## [Instructions for the task]
Below are entries. Reproduce exactly the lines between the line holding "For every layout" and the line holding "text Datum en", inclusive, and only those.

===== Task material =====

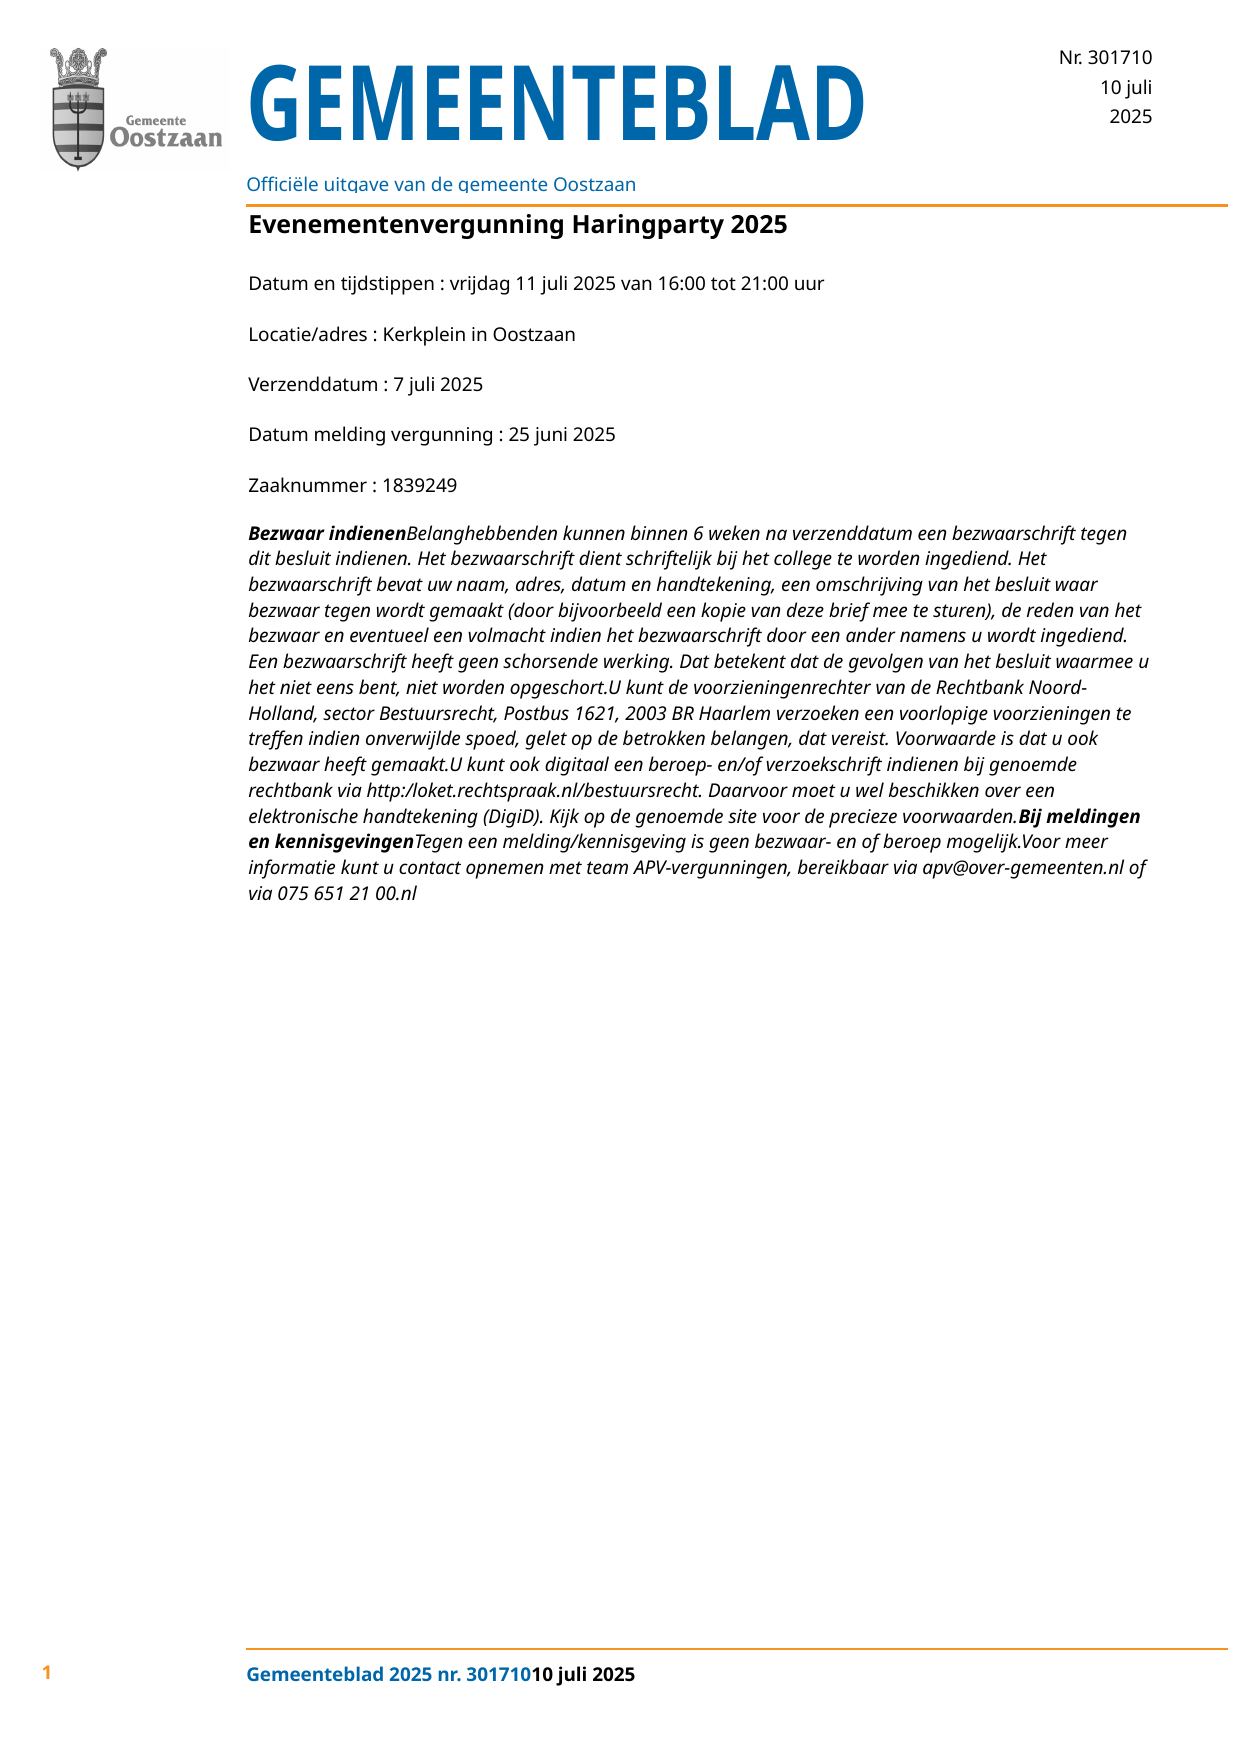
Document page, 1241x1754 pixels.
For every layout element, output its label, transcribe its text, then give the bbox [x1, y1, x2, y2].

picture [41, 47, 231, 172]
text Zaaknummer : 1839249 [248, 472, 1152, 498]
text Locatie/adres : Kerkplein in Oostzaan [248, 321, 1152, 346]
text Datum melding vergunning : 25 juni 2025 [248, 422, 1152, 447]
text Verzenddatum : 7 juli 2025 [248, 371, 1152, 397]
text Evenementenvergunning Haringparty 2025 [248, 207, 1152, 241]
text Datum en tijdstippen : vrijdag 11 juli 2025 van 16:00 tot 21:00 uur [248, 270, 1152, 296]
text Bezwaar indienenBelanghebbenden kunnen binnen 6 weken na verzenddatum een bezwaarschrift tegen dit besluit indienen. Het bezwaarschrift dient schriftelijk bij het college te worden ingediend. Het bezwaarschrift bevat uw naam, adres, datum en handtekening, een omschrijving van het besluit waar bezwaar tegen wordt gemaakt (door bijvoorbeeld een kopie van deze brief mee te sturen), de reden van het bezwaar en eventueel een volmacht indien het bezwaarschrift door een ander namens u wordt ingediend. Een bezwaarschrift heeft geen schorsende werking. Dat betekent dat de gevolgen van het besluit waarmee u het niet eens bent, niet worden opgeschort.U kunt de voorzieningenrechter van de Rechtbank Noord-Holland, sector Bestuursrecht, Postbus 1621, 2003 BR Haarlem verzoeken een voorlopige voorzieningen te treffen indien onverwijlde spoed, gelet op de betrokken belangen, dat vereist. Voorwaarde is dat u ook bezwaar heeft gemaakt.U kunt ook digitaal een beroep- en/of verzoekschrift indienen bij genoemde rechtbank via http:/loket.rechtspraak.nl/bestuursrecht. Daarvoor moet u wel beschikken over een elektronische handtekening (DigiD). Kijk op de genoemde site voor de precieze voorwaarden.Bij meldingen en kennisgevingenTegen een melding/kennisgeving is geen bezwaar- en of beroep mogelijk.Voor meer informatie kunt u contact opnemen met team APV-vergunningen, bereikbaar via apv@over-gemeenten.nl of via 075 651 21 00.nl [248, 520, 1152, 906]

=====

## [Result]
For every layout element, output its label, transcribe its text, then give the bbox [x1, y1, x2, y2].

picture [41, 47, 231, 172]
text Zaaknummer : 1839249 [248, 472, 1152, 498]
text Locatie/adres : Kerkplein in Oostzaan [248, 321, 1152, 346]
text Datum melding vergunning : 25 juni 2025 [248, 422, 1152, 447]
text Verzenddatum : 7 juli 2025 [248, 371, 1152, 397]
text Evenementenvergunning Haringparty 2025 [248, 207, 1152, 241]
text Datum en tijdstippen : vrijdag 11 juli 2025 van 16:00 tot 21:00 uur [248, 270, 1152, 296]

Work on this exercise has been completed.